So, I was thinking about mental health and how we connect those who need help with the many available services. Sure, there are shortages of personnel but we have many services that go untapped.

I still remember, in this vein, when I was a college president and we shared a dashboard with the trustees at every meeting. One of the data points was a number representing visits to our counseling center, a key resource that often went underused in my view. Each data point had an accompanying arrow — green up/down, red up/down and yellow neutral.

At one meeting, a trustee asked: “The counseling visits are up and you are showing a green arrow up.
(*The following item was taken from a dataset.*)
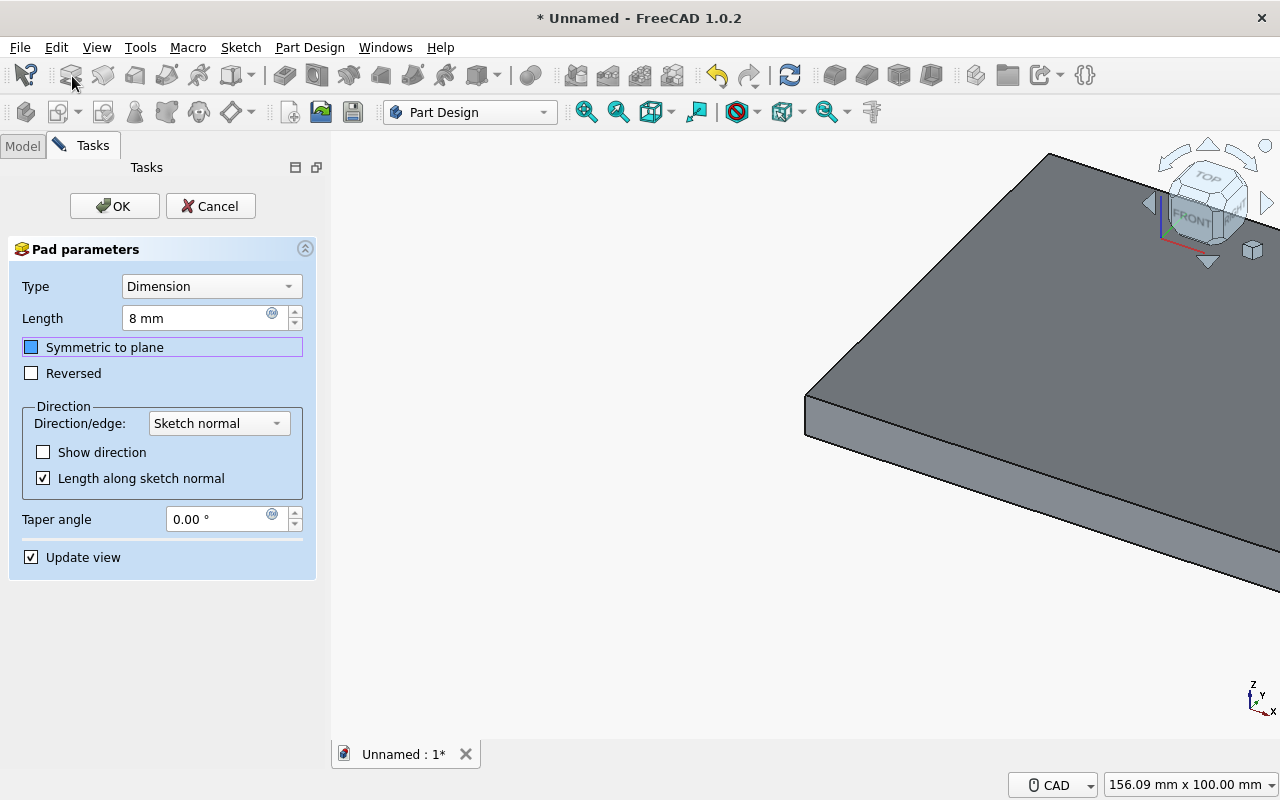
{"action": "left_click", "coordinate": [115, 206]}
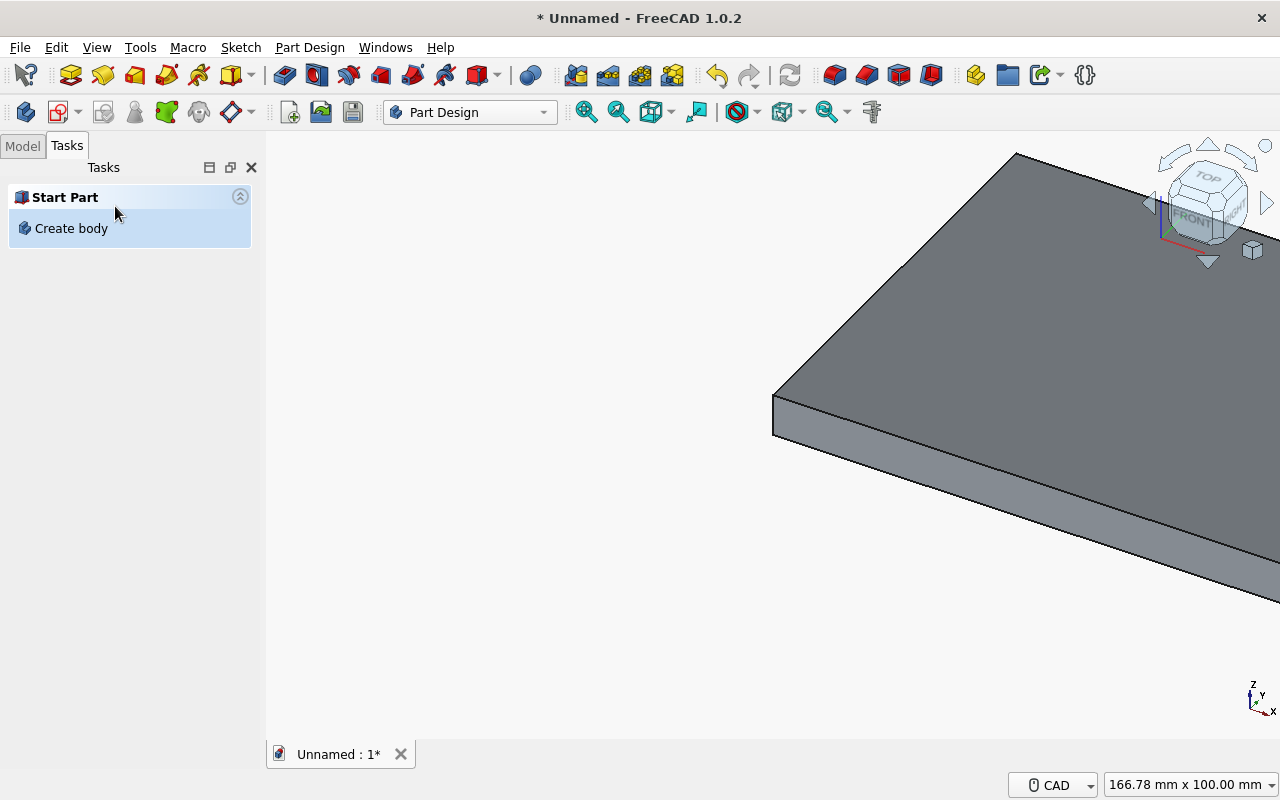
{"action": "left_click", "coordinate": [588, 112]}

Isn’t this supposed to be a red arrow up?” I paused and looked at the chart again to make sure I was seeing what the trustee was seeing and that we had interpreted the data correctly.
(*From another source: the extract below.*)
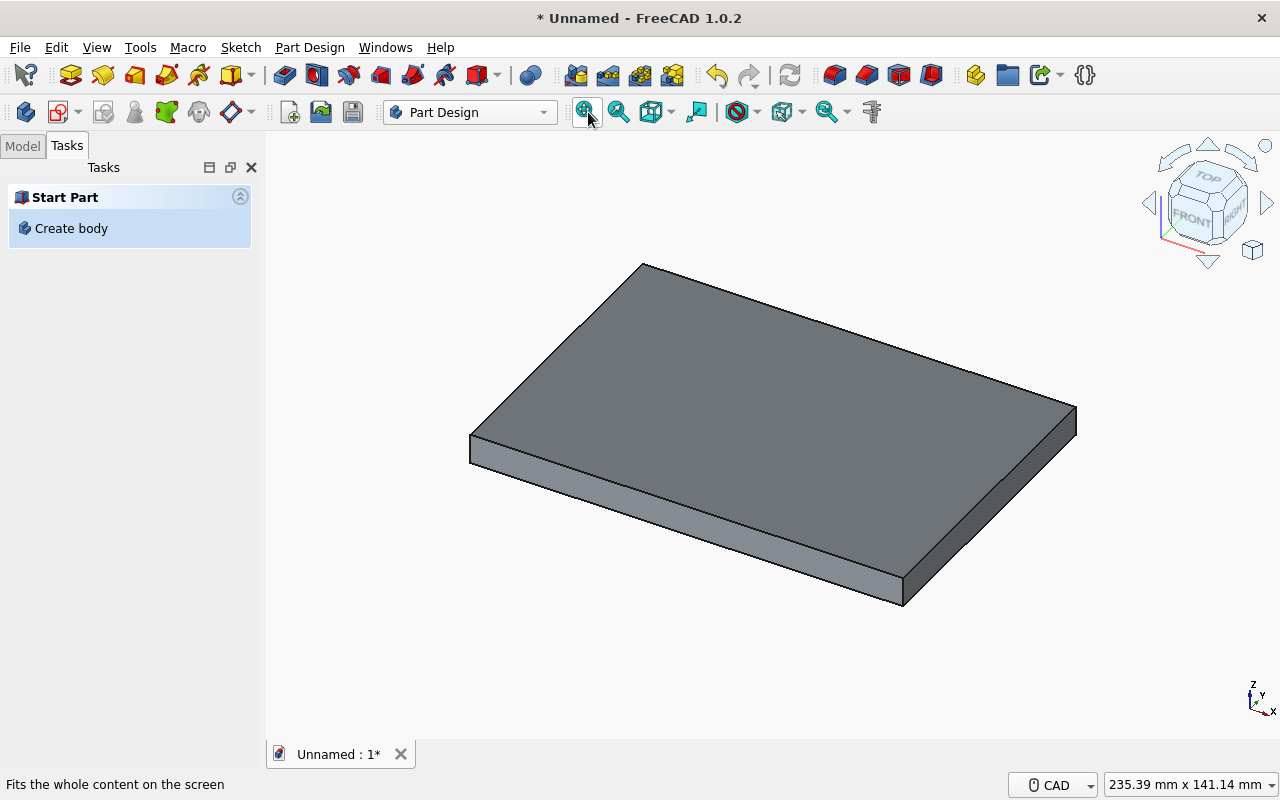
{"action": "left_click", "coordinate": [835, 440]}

I replied: “No, the green arrow up is spot-on. We are better off when students seek help. The more visits to counseling services, the better off we are. And, even if we need more counselors, it is money well spent in terms of student retention and success.”

I raise this story in the hopes that we can develop many avenues for destigmatizing mental health concerns and increasing the matching between programs and people. And, sadly, oft-times the people who need counseling the most discouraged from partaking for a myriad of reasons — stigma, culture, fear, parental influence, personal demons and the list continues. Indeed, we often preach to the choir at meetings as those who attend may be those least in need of the proffered messaging.

Common Objects to Message Effectively about Mental Health

More recently, with all the trauma in our world, I have started using even more art to message. I have been using “turning forks” (forks with musical notes) to create symbols of the effects of trauma being re-activated. We commonly use the terminology “re-triggered” which is a bothersome nomenclature for me on many levels. There’s an irony too: we are worried about the impact of trauma reactivation and how it produces outsized behavior and yet we use a term to describe that reaction that reminds us of other trauma — shootings.

As I have been trying to think about ways to engage more folks accessing mental health services, we can use art to message and we can message in ways that are not offensive and might even be appealing and funny and engaging. What follows are several of my recent works which I’ll desconstruct momentarily, all available here: https://www.artpal.com/karengross#i3.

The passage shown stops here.